When the depression and fear finally became too much to bear I resorted to trying to kill myself. I was too chicken shit to cut myself so instead I took half a bottle of the anti-psychotics the shrink had put me on and combined it with a bottle of Excedrin. I thought for sure, “This will do it. I’ll be free.” I woke up the next day, 9/11/01 having slept through all of school, to find my grandmother and sister’s boyfriend standing over me in my bedroom looking puzzled. As I came to, they decided I was fine and left. No one said a word to me about it. Eventually my sister’s boyfriend said something about planes having hit the twin towers, and I was quickly pulled from my own inner turmoil into feeling terrible for the thousands of victims of the terrorist attack. I never tried to kill myself again. But it hurt when a year or so later I tried to open up to my mother about all the pain I’d been dealing with for so long, pleading to her for Trace to be sent to live with his father. I asked her if she even ever realized I missed school on 9/11 because I tried to die. She said, “No you didn’t. Why would you say that?” I was stunned. How could a mother not recognize something so big as a suicide attempt, after covering up the sexual abuse, after continuing to enable the abuser, after brainwashing their child and forcing them to take medications to fix the “bipolar disorder” that the child should never have been diagnosed with in the first place? I wasn’t bipolar. I was suffering. I was traumatized. I was a child. Why didn’t Ainsley’s boyfriend, or my mother’s mother say anything about the pill bottles on the floor, or the fact that I was unconscious for an entire school day? I felt even more worthless after that. No one gave a shit.
My mother put a lock on my sister’s door after Trace molested her. Why didn’t she put one on mine after I came to her as a terrified 7 year old? Why did she look the other way?

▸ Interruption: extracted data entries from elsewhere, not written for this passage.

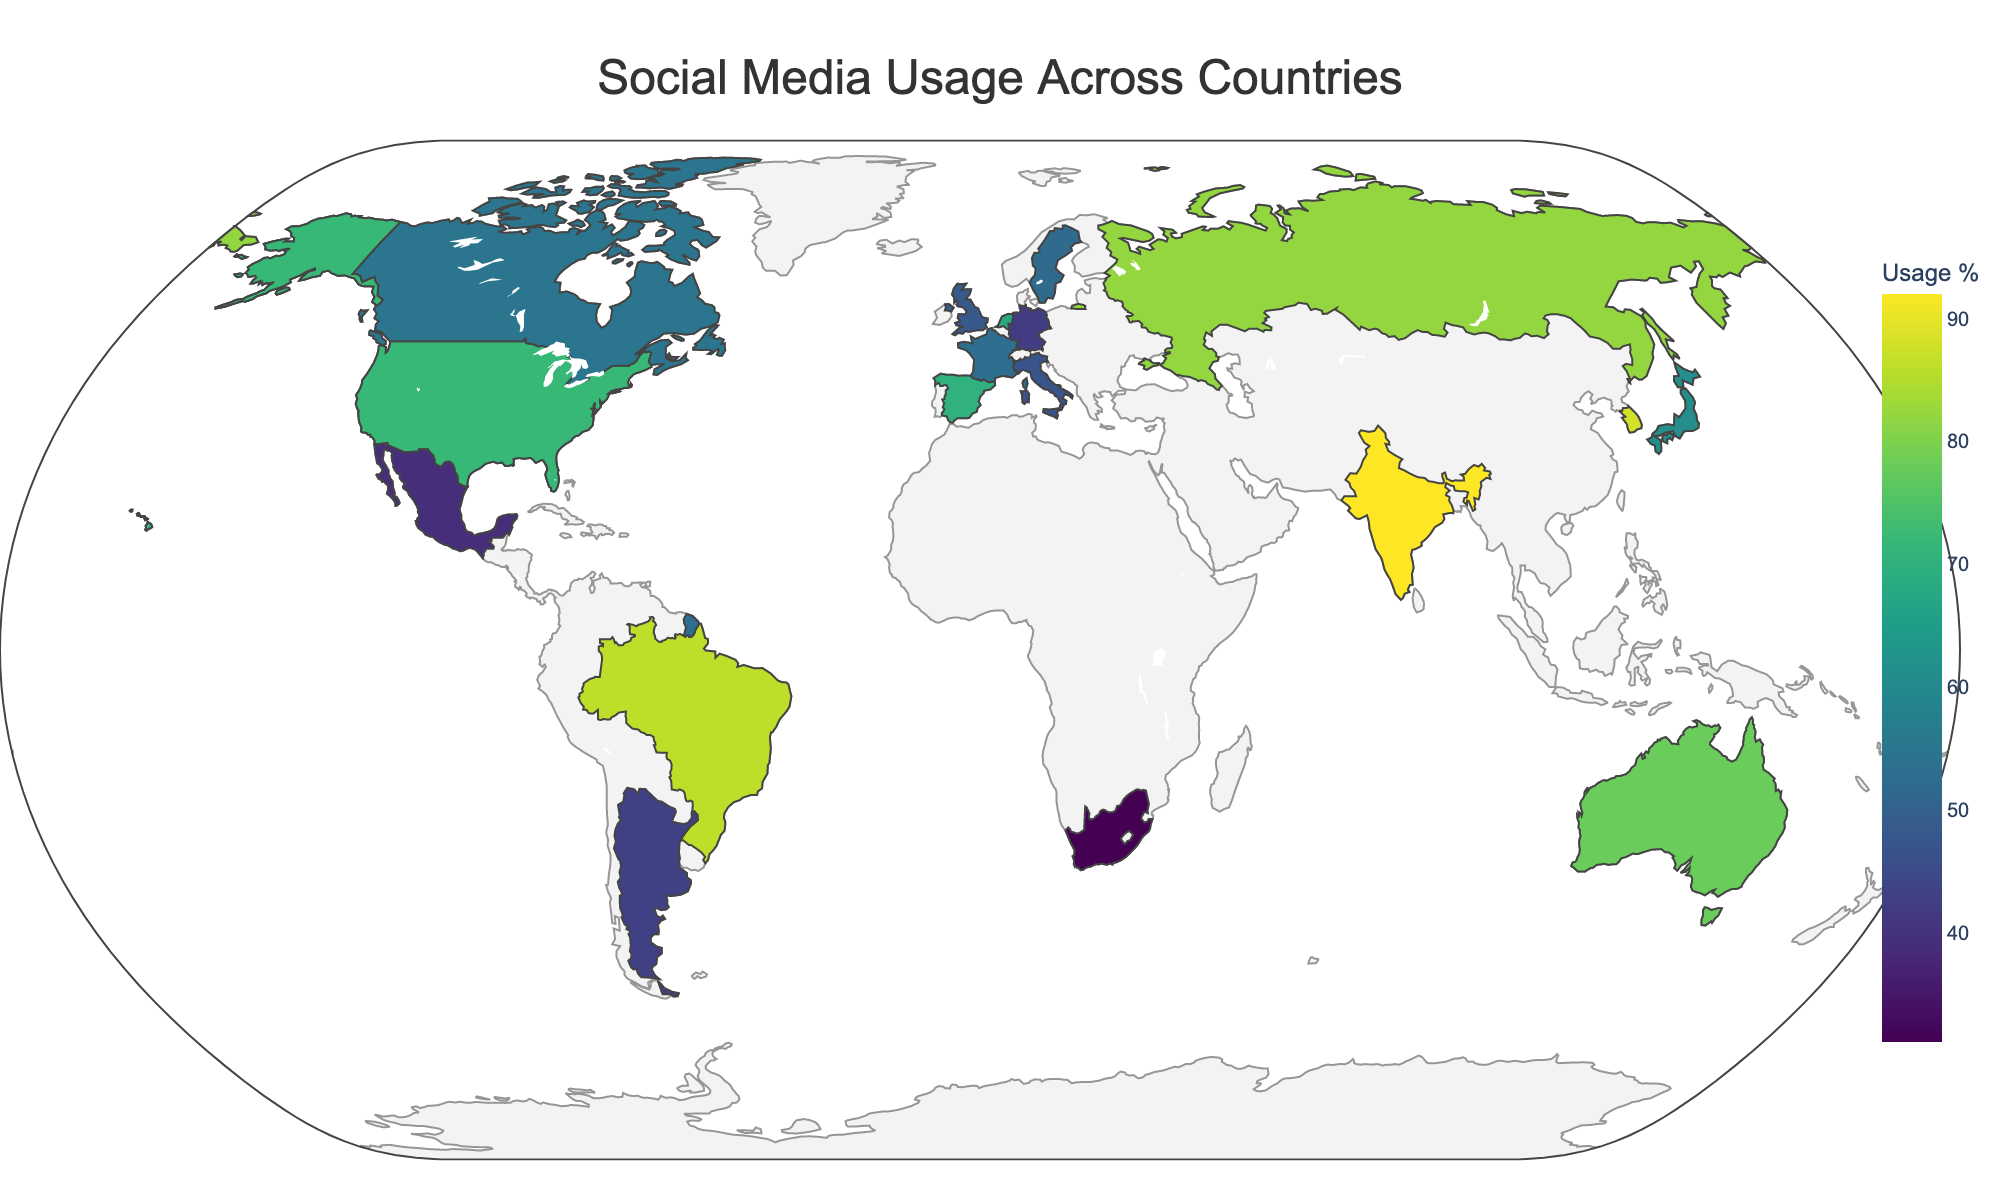What is the title of the figure? The title of the figure is visually apparent at the top of the map.
Answer: Social Media Usage Across Countries Which country has the highest usage percentage, and what is the platform associated with it? Look for the country with the darkest color, indicating the highest percentage, and refer to the hover data to find the platform. India, shown in the darkest color, has the highest usage percentage, and the platform is YouTube.
Answer: India, YouTube How does the usage percentage of TikTok in Australia compare to that in Spain for the same age group? Check the colors and hover over both Australia and Spain on the map. Compare the percentages shown in the hover data for the 18-24 age group. Australia shows a usage percentage of 78% for TikTok, whereas Spain shows 70% for the same platform and age group.
Answer: Australia is higher Which social media platform has the highest usage percentage among the 25-34 age group, and in which country? Identify the countries and platforms within the 25-34 age group, then find the highest percentage among them. Russia's VKontakte for the 25-34 age group has the highest usage percentage of 82%.
Answer: VKontakte, Russia Among the 18-24 age group, which country has the lowest social media usage and what is the platform? Check the hover data for countries in the 18-24 age group and identify the lowest percentage. The United States, with Facebook, has the lowest percentage of 65%.
Answer: United States, Facebook What is the average social media usage percentage for the 35-44 age group across all countries? Find all the data points for the 35-44 age group, sum their usage percentages, and divide by the number of data points. The percentages for 35-44 are: 48 (UK) + 86 (Brazil) + 79 (Singapore) + 47 (Italy) = 260. There are 4 data points, so the average is 260 / 4 = 65%.
Answer: 65% How many countries have their highest usage percentage with Twitter, regardless of age group? Check the hover data for each country, noting those with Twitter and seeing if it's the highest usage percentage for that country. The countries are: United Kingdom (48%), South Africa (31%), and Argentina (43%).
Answer: 3 Which country and platform combination shows the lowest social media usage? Identify the country and platform with the lightest color on the map, indicating the lowest usage percentage, and verify by hovering over the data points. South Africa shows the lowest usage with Twitter at 31%.
Answer: South Africa, Twitter Is there a noticeable pattern for a specific age group in terms of high or low usage percentages across different countries? Examine the colors for the different age groups across the map. The 18-24 age group tends to have higher usage percentages across several platforms (e.g., India, Australia, South Korea) compared to older age groups.
Answer: 18-24 age group tends to have higher usage Which platform is used most widely across different countries and age groups? Look for the platform mentioned most frequently in the hover data across different countries and age groups. The most widely mentioned platform across various data points is Instagram, appearing in the United States, Japan, and Sweden.
Answer: Instagram

I remember finally telling my grandfather about what Trace was doing one day when he was driving me back home from a weekend at our grandparent’s house. I was scared to go home and I was BEGGING for him to take me to my friend’s house instead. He could tell something wasn’t right, and as scared as I was to speak of it all out loud, he simply asked me if Trace had done something to hurt me. I sobbed uncontrollably. He of course HAD to tell my father. At the time, I still thought my dad was a bad person, and when he called and said he was coming to get me and I was going to live with him, I threw a fit. I didn’t want to live with him when I thought he was this horrible monster. I didn’t want to leave my friends and my school. He actually came and got me and I screamed at him the entire drive about how it was “kidnapping” and I wanted to live with my best friend at the time or go home. At the time, I guess I thought the unknown was scarier than the familiar monster living in my house. How sick is that? So he took me home. I couldn’t tell him what I was going through. My father knew something was wrong, and I was being hurt. But he couldn’t get specifics out of me. And My mother and Trace counted on that.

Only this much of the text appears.